But after making it through rounds of interviews several years ago, the Army veteran tired of waiting to hear back from the department and decided to move on. Unwilling to let go of his dream of being in law enforcement, Fields began applying to other local agencies, eventually finding work as a jail deputy for a metro-area sheriff's office.

"Someone has to be willing to persevere, because how are we going to get more officers of color hired if no one perseveres?" Fields said in an interview.

With its future hanging in the balance, the MPD is wishing there were more Royce Fields around as it struggles to recruit the next generation of police officers, men and women it hopes will be more problem-solvers than enforcers.

Some believe the embattled department needs a major overhaul to win back the public's trust in the wake of George Floyd's murder, including hiring more people of color and women. Such changes are necessary, they say, to root out the "warrior" policing culture that teaches cops to see every civilian as a potentially dangerous enemy.

Given the crisis in law enforcement, some observers say that departments need to think harder about who they hire.

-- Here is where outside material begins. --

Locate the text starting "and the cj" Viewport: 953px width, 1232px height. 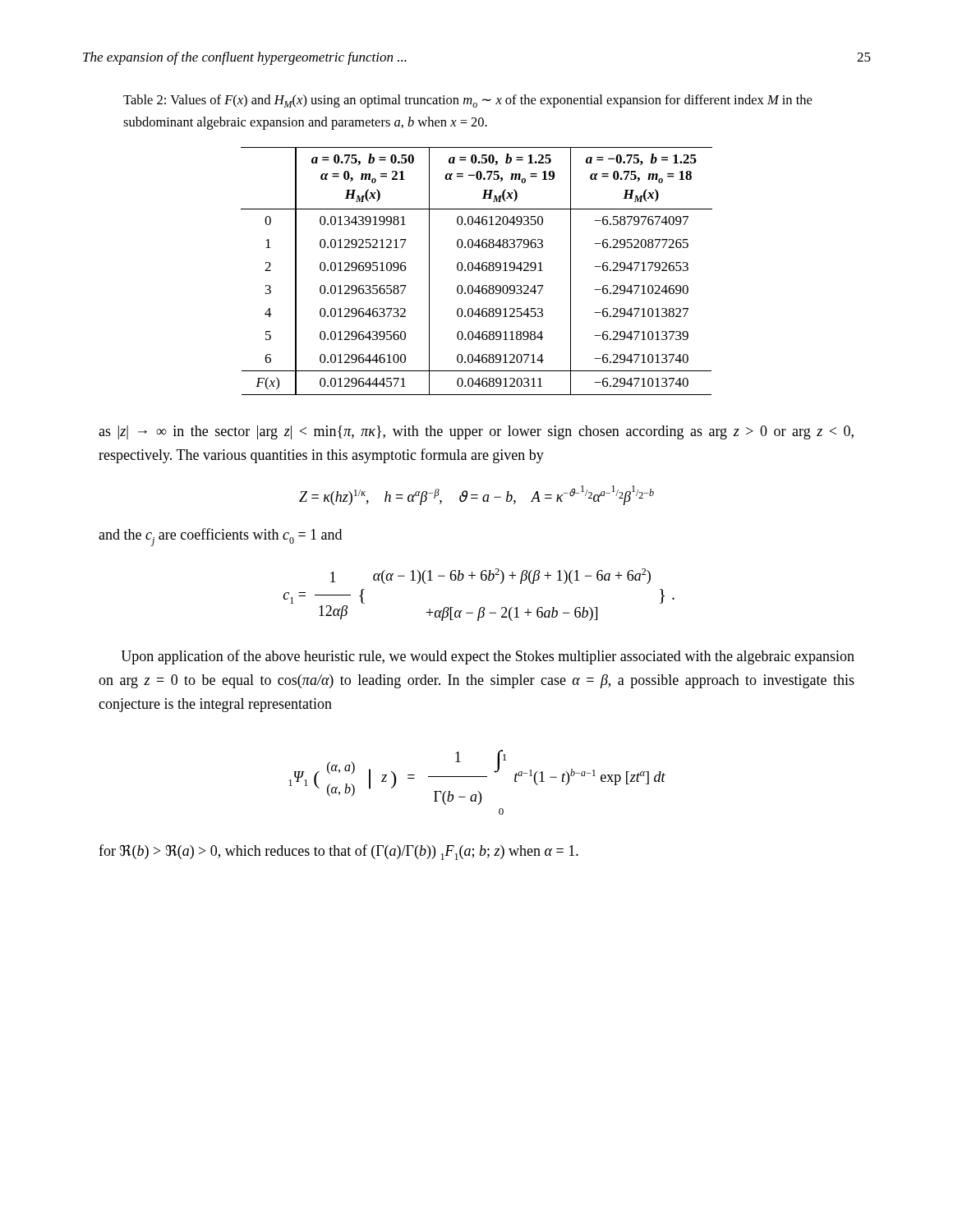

"It tends to be that the recruiting and the hiring process seems to be culling out the people who don't meet the criteria, vs. hiring the best people," said Anne Kringen, an associate professor of criminal justice at the University of New Haven in Connecticut. "We don't have enough rigorous research out there to be able to help some agencies do this better."

There are plenty of vacancies to fill in Minneapolis.

Despite the graduation last month of 19 recruits, the department is still down more than 200 officers — nearly one-quarter of its authorized strength last year of 889. Those who've left the ranks either retired, resigned or went on medical leave, mostly for post-traumatic stress disorder. Scores of officers took voluntary buyouts this year, part of a push by the city to cut payroll in the face of the COVID-19 pandemic.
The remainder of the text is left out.